Unnamed: 0,index,review
54216,140418,I am a researchaholic in general and have rese...
46562,123630,I am a researchaholic in general and have rese...
46481,77138,beware that the quality is not as good as it l...
7942,121156,I added this product Dr Browns BPA Free Deluxe...
29833,41581,Looks really cute however the cloth smells fun...


0.8675062239909865


This model is less accurate, the reason could be having less significant words processed by CountVectorizer.

In [283]:
#b)
for w, k in sorted(zip(significant_words, model_2.coef_[0]), key = lambda x: x[1]):
  print("{} and impact: {}".format(w, k))

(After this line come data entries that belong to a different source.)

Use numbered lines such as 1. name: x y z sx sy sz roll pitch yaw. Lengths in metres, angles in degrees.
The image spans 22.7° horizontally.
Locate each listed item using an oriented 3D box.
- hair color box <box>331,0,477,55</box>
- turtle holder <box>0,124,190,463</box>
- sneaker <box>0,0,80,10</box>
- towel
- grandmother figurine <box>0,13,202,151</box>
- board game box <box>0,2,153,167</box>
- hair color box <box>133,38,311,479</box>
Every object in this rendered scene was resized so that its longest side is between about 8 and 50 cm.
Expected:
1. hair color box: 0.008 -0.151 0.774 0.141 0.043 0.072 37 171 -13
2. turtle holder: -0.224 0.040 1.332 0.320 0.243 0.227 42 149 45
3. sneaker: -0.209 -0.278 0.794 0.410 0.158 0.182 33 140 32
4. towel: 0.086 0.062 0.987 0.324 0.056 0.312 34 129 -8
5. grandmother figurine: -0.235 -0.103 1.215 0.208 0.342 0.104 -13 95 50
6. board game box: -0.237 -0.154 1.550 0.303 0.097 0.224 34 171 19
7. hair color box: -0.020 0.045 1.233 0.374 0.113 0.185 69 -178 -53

disappointed and impact: -2.3745236563319208
return and impact: -2.0849257206147502
waste and impact: -2.020418882334948
broke and impact: -1.6483030176119617
money and impact: -0.9050163671106995
work and impact: -0.6434689058918271
even and impact: -0.5328669066340904
would and impact: -0.33265238488024645
product and impact: -0.32303260939682876
less and impact: -0.16301774470905087
car and impact: 0.06752893415392877
old and impact: 0.09022861756646108
able and impact: 0.18398442528160544
little and impact: 0.4855317360214128
well and impact: 0.48604894397027926
great and impact: 0.939021939557738
easy and impact: 1.162236906837408
love and impact: 1.3293596928608336
perfect and impact: 1.5137725493268426
loves and impact: 1.7054934029863555


The word with the most negative impact is "disappointed" and the word with
the most positive impact is "loves".
Some words, like "old" and "car" have positive impact, but it is very low.

In [284]:
#c)
%%time
print(accuracy_score(y_test, y_pred))
#hint: %time, %timeit

0.9297461338566937
CPU times: user 12.7 ms, sys: 3.79 ms, total: 16.5 ms
Wall time: 11.3 ms


In [285]:
%%time
print(accuracy_score(y_test, y_pred_2))

0.8675062239909865
CPU times: user 7.52 ms, sys: 0 ns, total: 7.52 ms
Wall time: 7.95 ms


First model took same time than the second (difference 2 ms).
The accuracy difference is 0.6 for testing set.
It can be concluded that it doesn't take long to build a pretty good model.